Forum Moderators: open
Asks for robots.txt some of the time BUT ignores it ALL of the time.
{ long string of robots.txt + 403 pairs from assorted AWS IPs, ending in }
54.158.59.24 - - [28/Jul/2015:13:38:38 -0700] "GET /robots.txt HTTP/1.1" 200 569 "-" "Mozilla/5.0 (Macintosh; Intel Mac OS X 10.9; rv:28.0) Gecko/20100101 Firefox/28.0 (FlipboardProxy/1.1; +http://flipboard.com/browserproxy)"
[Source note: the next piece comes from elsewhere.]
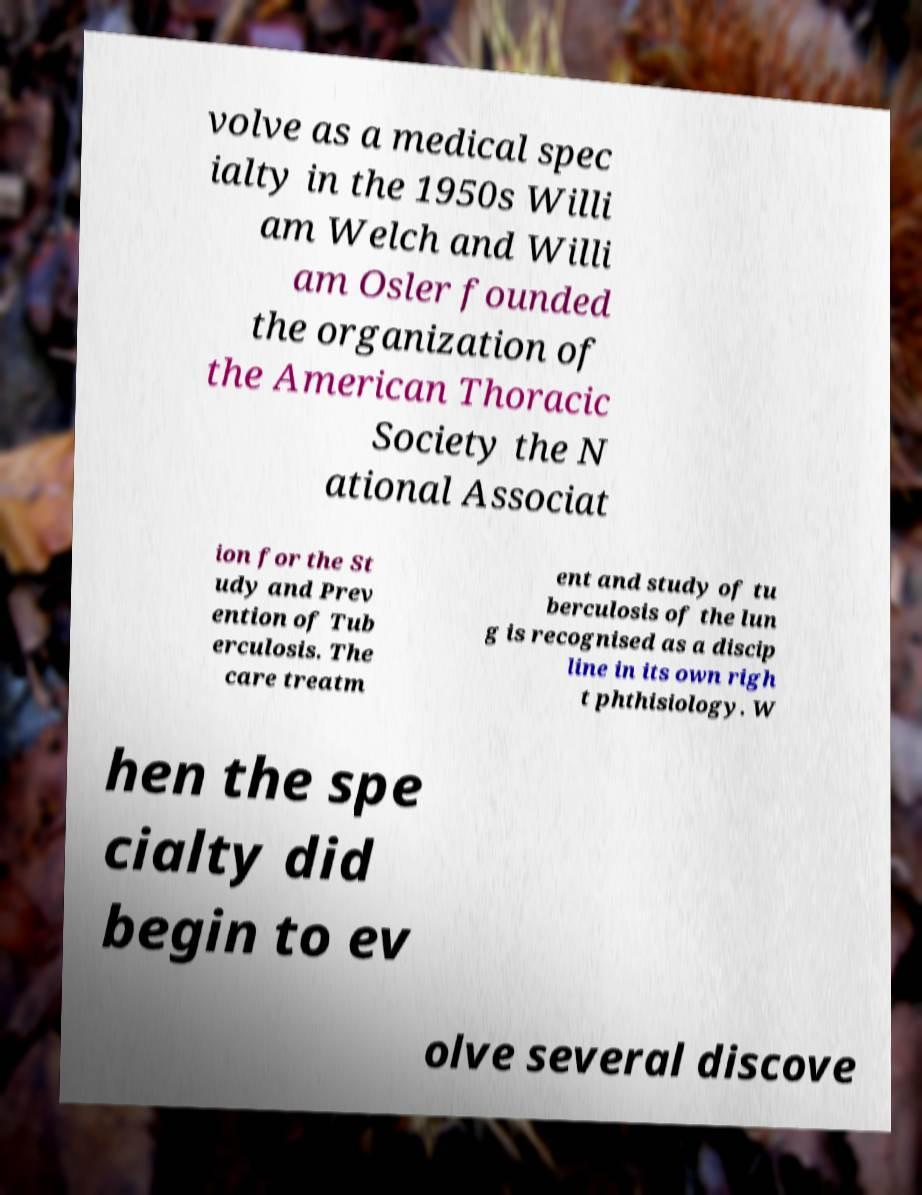For documentation purposes, I need the text within this image transcribed. Could you provide that? volve as a medical spec ialty in the 1950s Willi am Welch and Willi am Osler founded the organization of the American Thoracic Society the N ational Associat ion for the St udy and Prev ention of Tub erculosis. The care treatm ent and study of tu berculosis of the lun g is recognised as a discip line in its own righ t phthisiology. W hen the spe cialty did begin to ev olve several discove

54.158.59.24 - - [28/Jul/2015:13:38:39 -0700] "GET /ebooks/abbey/ HTTP/1.1" 403 1716 "-" "Mozilla/5.0 (Macintosh; Intel Mac OS X 10.9; rv:28.0) Gecko/20100101 Firefox/28.0 (FlipboardProxy/1.1; +http://flipboard.com/browserproxy)"
184.72.191.180 - - [28/Jul/2015:15:06:53 -0700] "GET /robots.txt HTTP/1.1" 200 580 "-" "Mozilla/5.0 (Macintosh; Intel Mac OS X 10.9; rv:28.0) Gecko/20100101 Firefox/28.0 (FlipboardProxy/1.1; +http://flipboard.com/browserproxy)"
{ long string of robots.txt ONLY from the same assorted IPs}
What happened between 13:38 and 15:06? Answer: I decided it can't hurt to try, because the only thing better than a blocked request is no request at all, and so added a comprehensive FlipboardProxy Disallow in robots.txt. Astonishingly, it seems to work.